I have that same CPU in a W10 PC at 3.6GHz with the bsel tape mod, have you considered that for some free extra performance?


----------



## Greenslade (Oct 14, 2021)

Remeca said:


> I have that same CPU in a W10 PC at 3.6GHz with the bsel tape mod, have you considered that for some free extra performance?


All though i do have a Windows10 with a 1060.So i am just interested in  XP for retro gaming.All tough i am not that impressed with this PC it is making a lot of noise.Of course if it is the CPU fan i understand that can,t be replaced.
It is either that or the PSU,i don,t know how to  them. I was hoping it would be  Quieter,It is not going to be that quite bearing in mind its 14 or so years.


----------



## 80-watt Hamster (Oct 14, 2021)

Greenslade said:


> All though i do have a Windows10 with a 1060.So i am just interested in  XP for retro gaming.All tough i am not that impressed with this PC it is making a lot of noise.Of course if it is the CPU fan i understand that can,t be replaced.
> It is either that or the PSU,i don,t know how to test.to test them. I was hoping it would be  Quieter,It is not going to be that quite bearing in mind its 14 or so years.

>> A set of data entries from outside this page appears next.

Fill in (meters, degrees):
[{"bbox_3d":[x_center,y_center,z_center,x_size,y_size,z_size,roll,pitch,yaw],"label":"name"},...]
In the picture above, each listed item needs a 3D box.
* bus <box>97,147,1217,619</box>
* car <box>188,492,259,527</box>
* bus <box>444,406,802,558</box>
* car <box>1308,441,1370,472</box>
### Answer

The CPU fan can absolutely be replaced, or the entire cooler.  Tons of 775-compatible coolers on eBay.  Heck, I'll send you one for the cost of postage.

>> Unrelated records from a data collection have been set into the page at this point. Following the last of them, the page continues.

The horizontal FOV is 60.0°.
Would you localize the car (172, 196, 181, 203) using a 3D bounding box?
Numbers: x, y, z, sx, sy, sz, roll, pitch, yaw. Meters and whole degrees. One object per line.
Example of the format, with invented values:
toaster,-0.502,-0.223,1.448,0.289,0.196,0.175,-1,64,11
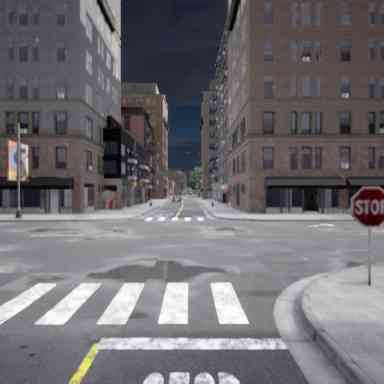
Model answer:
car,-3.162,1.485,69.115,2.128,1.511,4.902,0,0,-2
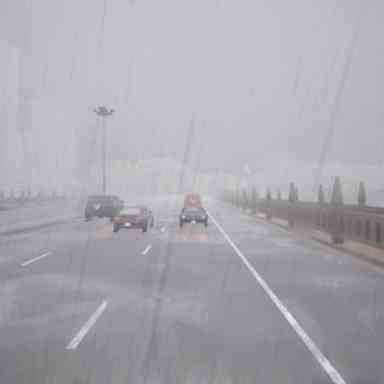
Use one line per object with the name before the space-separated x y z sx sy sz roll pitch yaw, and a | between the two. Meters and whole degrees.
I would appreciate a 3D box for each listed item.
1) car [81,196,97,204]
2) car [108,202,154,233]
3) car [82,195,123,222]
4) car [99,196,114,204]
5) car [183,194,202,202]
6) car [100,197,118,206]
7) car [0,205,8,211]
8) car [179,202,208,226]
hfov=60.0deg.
car | -20.977 1.591 68.071 1.812 1.442 4.674 0 0 0
car | -3.404 1.545 19.854 1.812 1.442 4.674 0 0 0
car | -6.905 1.248 26.828 2.150 2.045 5.566 0 0 0
car | -17.478 1.591 67.971 1.812 1.442 4.674 0 0 0
car | 0.104 1.262 41.779 2.150 2.045 5.566 0 0 0
car | -14.054 1.619 56.845 1.994 1.385 4.181 0 0 1
car | -17.600 1.592 28.384 1.994 1.385 4.181 0 0 0
car | 0.097 1.624 23.518 1.895 1.301 4.718 0 0 0
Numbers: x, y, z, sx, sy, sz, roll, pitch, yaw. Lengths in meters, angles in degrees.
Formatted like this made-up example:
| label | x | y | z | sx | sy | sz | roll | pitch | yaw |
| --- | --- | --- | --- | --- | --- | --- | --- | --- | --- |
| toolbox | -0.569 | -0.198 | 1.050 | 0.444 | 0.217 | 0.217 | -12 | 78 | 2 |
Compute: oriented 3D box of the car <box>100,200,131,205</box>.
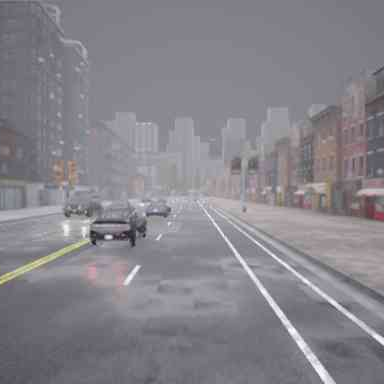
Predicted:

Now, when you say loud, is it a whirring or whooshing noise, or more like a grinding?  I don't know/remember how that board's BIOS is set up, but you can usually set fan speeds to either a couple of built-in temp-controlled speeds or to full speed.  So if the fan is running really fast, it's either set to do that or is spinning up because the chip is hot.  Do you have monitoring software installed?


----------



## Dr. Dro (Oct 15, 2021)

Greenslade said:


> No problem the more the merrier. There way of my league.
> I think I will stick with AMD like I first said on here.

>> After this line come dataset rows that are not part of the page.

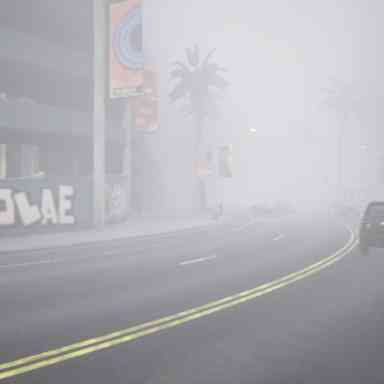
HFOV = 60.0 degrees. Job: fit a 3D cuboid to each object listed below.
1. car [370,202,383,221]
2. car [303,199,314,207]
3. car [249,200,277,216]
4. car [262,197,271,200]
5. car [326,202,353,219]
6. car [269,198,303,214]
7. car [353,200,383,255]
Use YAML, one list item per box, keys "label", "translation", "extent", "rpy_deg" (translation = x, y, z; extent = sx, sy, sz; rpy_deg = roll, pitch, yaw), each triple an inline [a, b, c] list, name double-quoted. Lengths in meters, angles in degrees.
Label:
- label: "car"
  translation: [17.485, 1.713, 28.992]
  extent: [1.882, 1.535, 5.008]
  rpy_deg: [0, 0, 9]
- label: "car"
  translation: [20.892, 1.990, 61.187]
  extent: [2.231, 1.521, 4.892]
  rpy_deg: [0, 0, -1]
- label: "car"
  translation: [7.496, 1.907, 36.271]
  extent: [1.895, 1.301, 4.718]
  rpy_deg: [0, 0, 1]
- label: "car"
  translation: [20.457, 2.115, 90.559]
  extent: [2.185, 1.767, 4.553]
  rpy_deg: [0, 0, -1]
- label: "car"
  translation: [14.322, 1.768, 31.868]
  extent: [1.837, 1.490, 4.892]
  rpy_deg: [0, 0, 5]
- label: "car"
  translation: [11.022, 1.823, 39.540]
  extent: [2.128, 1.511, 4.902]
  rpy_deg: [0, -1, 0]
- label: "car"
  translation: [8.120, 1.331, 13.308]
  extent: [2.150, 2.045, 5.566]
  rpy_deg: [0, 0, 33]
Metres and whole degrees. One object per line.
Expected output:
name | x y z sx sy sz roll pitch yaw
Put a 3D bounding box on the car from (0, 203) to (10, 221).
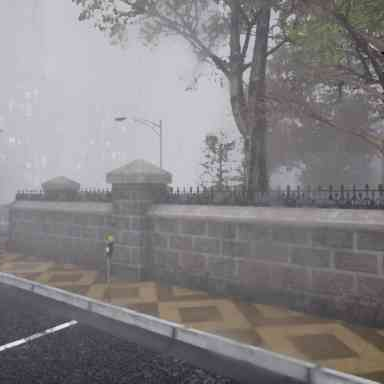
car | -15.614 1.708 28.585 1.837 1.490 4.892 0 -1 35
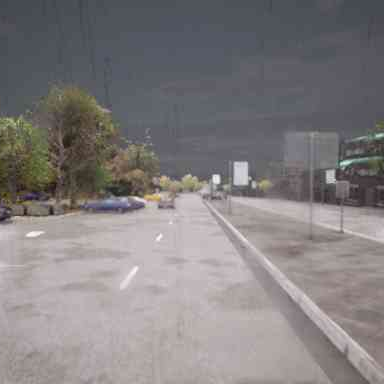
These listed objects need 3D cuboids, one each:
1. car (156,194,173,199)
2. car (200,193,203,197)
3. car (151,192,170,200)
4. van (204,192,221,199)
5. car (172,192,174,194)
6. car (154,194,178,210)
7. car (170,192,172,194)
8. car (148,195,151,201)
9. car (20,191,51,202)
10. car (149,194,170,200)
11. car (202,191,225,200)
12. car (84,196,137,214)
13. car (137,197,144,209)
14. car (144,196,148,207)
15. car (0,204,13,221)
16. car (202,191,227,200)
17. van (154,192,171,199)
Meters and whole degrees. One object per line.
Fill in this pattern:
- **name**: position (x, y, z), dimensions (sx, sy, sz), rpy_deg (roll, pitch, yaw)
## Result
- **car**: position (-7.591, 1.202, 92.964), dimensions (4.674, 1.452, 2.002), rpy_deg (0, 0, 0)
- **car**: position (5.325, 0.868, 76.140), dimensions (5.566, 2.045, 2.435), rpy_deg (0, 0, 0)
- **car**: position (-7.768, 1.120, 70.689), dimensions (5.008, 1.535, 2.097), rpy_deg (0, 0, 1)
- **van**: position (5.582, 0.930, 90.154), dimensions (4.442, 1.987, 1.878), rpy_deg (0, 0, 0)
- **car**: position (-7.625, 1.001, 84.613), dimensions (4.553, 1.767, 2.185), rpy_deg (0, 0, 0)
- **car**: position (-2.994, 1.319, 39.781), dimensions (1.812, 1.442, 4.674), rpy_deg (0, 0, 1)
- **car**: position (-7.731, 1.112, 76.258), dimensions (5.008, 1.535, 2.097), rpy_deg (0, 0, 1)
- **car**: position (-8.022, 1.299, 42.206), dimensions (4.674, 1.452, 2.002), rpy_deg (0, 0, 1)
- **car**: position (-26.222, 0.687, 55.680), dimensions (4.553, 1.767, 2.097), rpy_deg (1, 3, 0)
- **car**: position (-7.704, 1.155, 79.044), dimensions (4.674, 1.452, 2.002), rpy_deg (0, 0, 1)
- **car**: position (5.395, 0.882, 84.550), dimensions (5.566, 2.045, 2.435), rpy_deg (0, 0, 0)
- **car**: position (-8.107, 1.347, 32.508), dimensions (4.674, 1.452, 2.002), rpy_deg (0, 0, 1)
- **car**: position (-8.076, 1.292, 35.784), dimensions (4.892, 1.521, 2.231), rpy_deg (0, 0, 0)
- **car**: position (-8.058, 1.274, 39.057), dimensions (5.008, 1.535, 2.097), rpy_deg (0, 0, 1)
- **car**: position (-13.344, 1.211, 20.349), dimensions (4.181, 1.385, 1.994), rpy_deg (0, 3, -9)
- **car**: position (5.336, 1.123, 73.339), dimensions (4.892, 1.521, 2.231), rpy_deg (0, 0, 1)
- **van**: position (-7.751, 0.910, 87.395), dimensions (4.442, 1.987, 1.878), rpy_deg (0, 0, 0)
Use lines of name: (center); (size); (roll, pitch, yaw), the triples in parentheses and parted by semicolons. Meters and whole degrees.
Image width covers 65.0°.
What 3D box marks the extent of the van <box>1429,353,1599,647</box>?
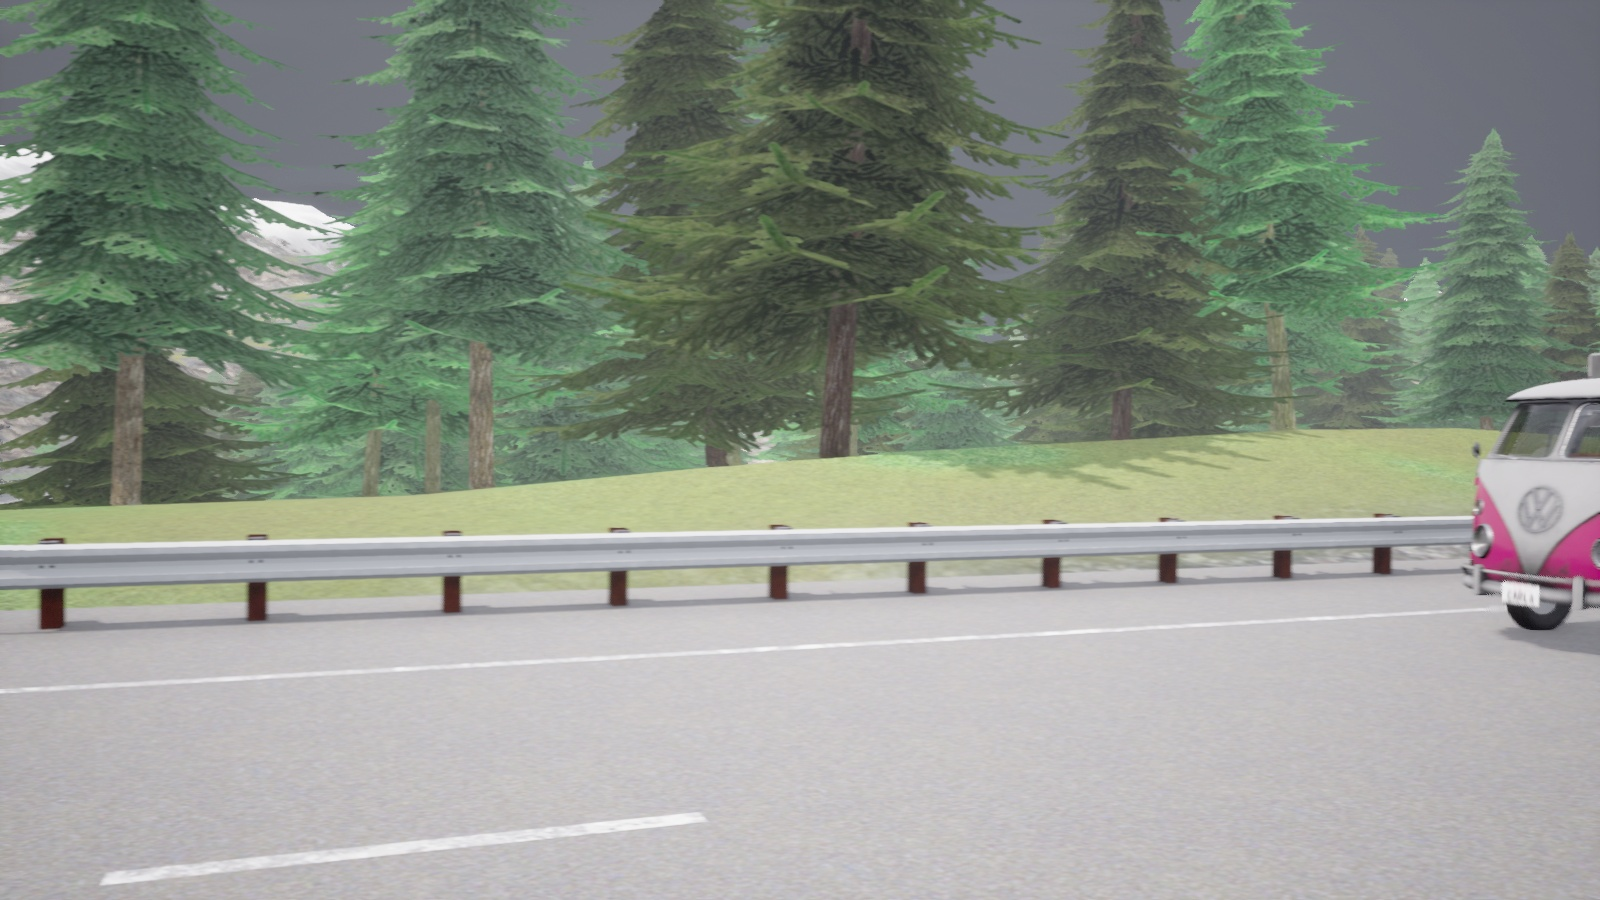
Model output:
van: (7.295, 0.309, 9.749); (4.442, 1.987, 1.775); (-1, 1, -21)
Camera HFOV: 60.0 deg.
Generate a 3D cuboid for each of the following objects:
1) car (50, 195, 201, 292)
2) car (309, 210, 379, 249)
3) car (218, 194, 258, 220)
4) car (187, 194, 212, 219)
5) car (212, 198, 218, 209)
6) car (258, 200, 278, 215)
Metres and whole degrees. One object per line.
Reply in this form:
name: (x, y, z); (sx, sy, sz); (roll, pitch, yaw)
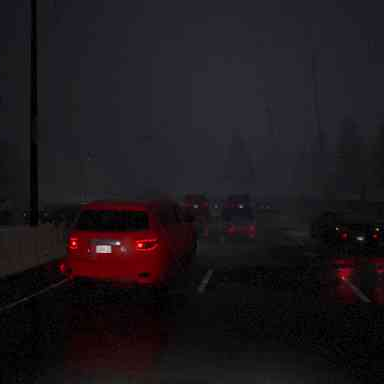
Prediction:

Certainly an unexpected development, given AMD cut driver support significantly earlier. NV still provided support for XP and their DX10 class cards well into 2014, 2016 for the Quadro FX series. But all that matters is that one gets a great experience, and if you manage to do that, happy for you man! Enjoy.


----------



## lexluthermiester (Oct 15, 2021)

Greenslade said:


> There were two two ram sticks i took it out to show you.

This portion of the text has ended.